Tag Archives: drinking

Blind


A few days ago Recovering Love Addict 24 wrote the following:

Something happened yesterday evening which really frustrated me. My bottom lines include not being able to flirt with girls, not asking girls for their numbers etc. But yesterday the first day of my bottom lines and my first day of sobriety I was waiting for a tube to last night’s meeting and a girl approached me on the platform. She was absolutely stunning; tall, slim, dark hair, totally my type. You couldn’t write this as never in my whole time in London has such an attractive girl approached me. She asked if she could stand with me and she tried to make conversation however I remained true to the promises I had made and I told her I was unavailable. Immediately after and for quite a while I was so angry with myself for turning down such an opportunity. A week before I would have jumped on it and totally flirted with her, got her number and pursued her until we had sex. But yesterday I stopped myself. I found myself clouded. First with resentment for god, I was screaming out in my head, “Why are you doing this to me.” Second I was resentful towards myself for not acting out and flirting etc. telling myself I had missed such an amazing opportunity. But then I realised I did the right thing for me. I am not ready for girls. I am not ready for a relationship. I have so much work to do on myself first and I need to concentrate on that.

The interesting thing is that Recovering Love Addict 24’s encounter with this girl might not be as random as you might think. According to the Sex and Love Addicts Anonymous “big book”, there is a “diabolic accuracy” to such “coincidental” meetings which “tended to occur when we were most vulnerable to them” (p110). The book urges SLAA members to accept “the possibility that psychic occurrences can happen, in order to make sense of some of these situations which seemed so uncanny”. (ibid.). On p111, we are told that “perhaps the most important principal here was not to deny to ourselves that we were, indeed, being severely tested”.

I would agree with all of the above based on a random encounter I had on Monday at work with the Arab. You might be thinking “C’mon, girl! You work with the guy. You were bound to bump into him at some point!” Well, this is true, but my company is huge, and we work in entirely separate buildings and, in four months of chatting with him online, I’ve never once seen him – until last week when I was out running, and then this week. Last week’s encounter triggered a new obsession about him, and this week’s sorely tested the resolve I had found over the weekend to ignore him.

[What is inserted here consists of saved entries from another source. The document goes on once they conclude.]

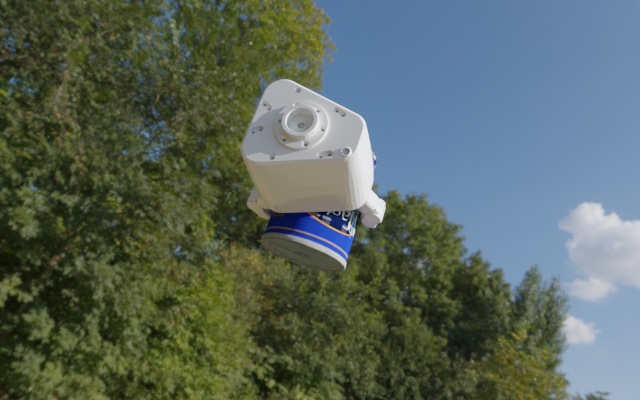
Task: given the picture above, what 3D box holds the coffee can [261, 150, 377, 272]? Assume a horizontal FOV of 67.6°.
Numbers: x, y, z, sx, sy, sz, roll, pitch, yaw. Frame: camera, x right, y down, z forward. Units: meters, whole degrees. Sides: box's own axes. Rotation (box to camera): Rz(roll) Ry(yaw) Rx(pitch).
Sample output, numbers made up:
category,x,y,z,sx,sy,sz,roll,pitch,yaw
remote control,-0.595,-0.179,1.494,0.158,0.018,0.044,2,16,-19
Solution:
category,x,y,z,sx,sy,sz,roll,pitch,yaw
coffee can,0.000,0.002,0.572,0.103,0.140,0.103,17,-20,6
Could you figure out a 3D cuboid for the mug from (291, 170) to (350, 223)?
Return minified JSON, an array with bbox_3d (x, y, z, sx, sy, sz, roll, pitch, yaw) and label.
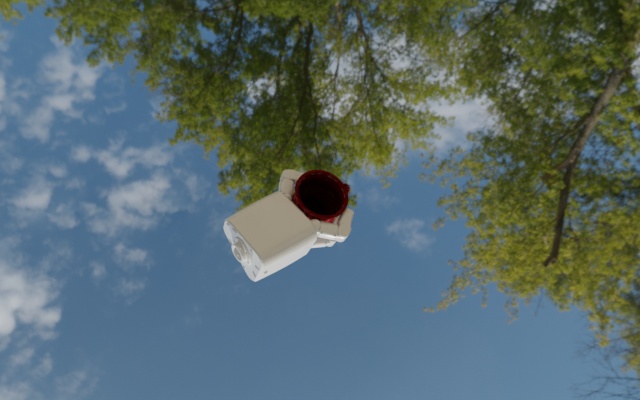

I was walking into the main building to grab some lunch in the café when he came out, looking, I might add, every inch my ideal man – tall, dark, handsome and athletic.  This was the first time I’d ever seen him up close, and he really is just so incredibly handsome. I can count on one hand the number of men I’ve found that attractive over all my thirty-odd years on this planet. It was the first time I’d ever heard him speak, too, and his voice was everything I thought it would be – deep, raspy and sexy. He wasn’t exactly in a rush to stop and talk, and I haven’t heard from him at all this week. I haven’t contacted him because, well, princesses don’t beg, goddammit! (although they are apparently allowed to obsess non-stop about douchebags).

It’s for the best he hasn’t been in touch, as every fibre of my being tells me that he’s trouble. I can’t begin to fathom why a man would chase and chase and chase me, and then – poof! – blow me off when I finally agree to go out with him. And despite knowing that I shouldn’t get involved with him, it hurts like hell to feel rejected. Logically, I know the issue is that he’s weird, but I still find myself thinking “What’s wrong with me? Why doesn’t he want me? Why hasn’t he contacted me?”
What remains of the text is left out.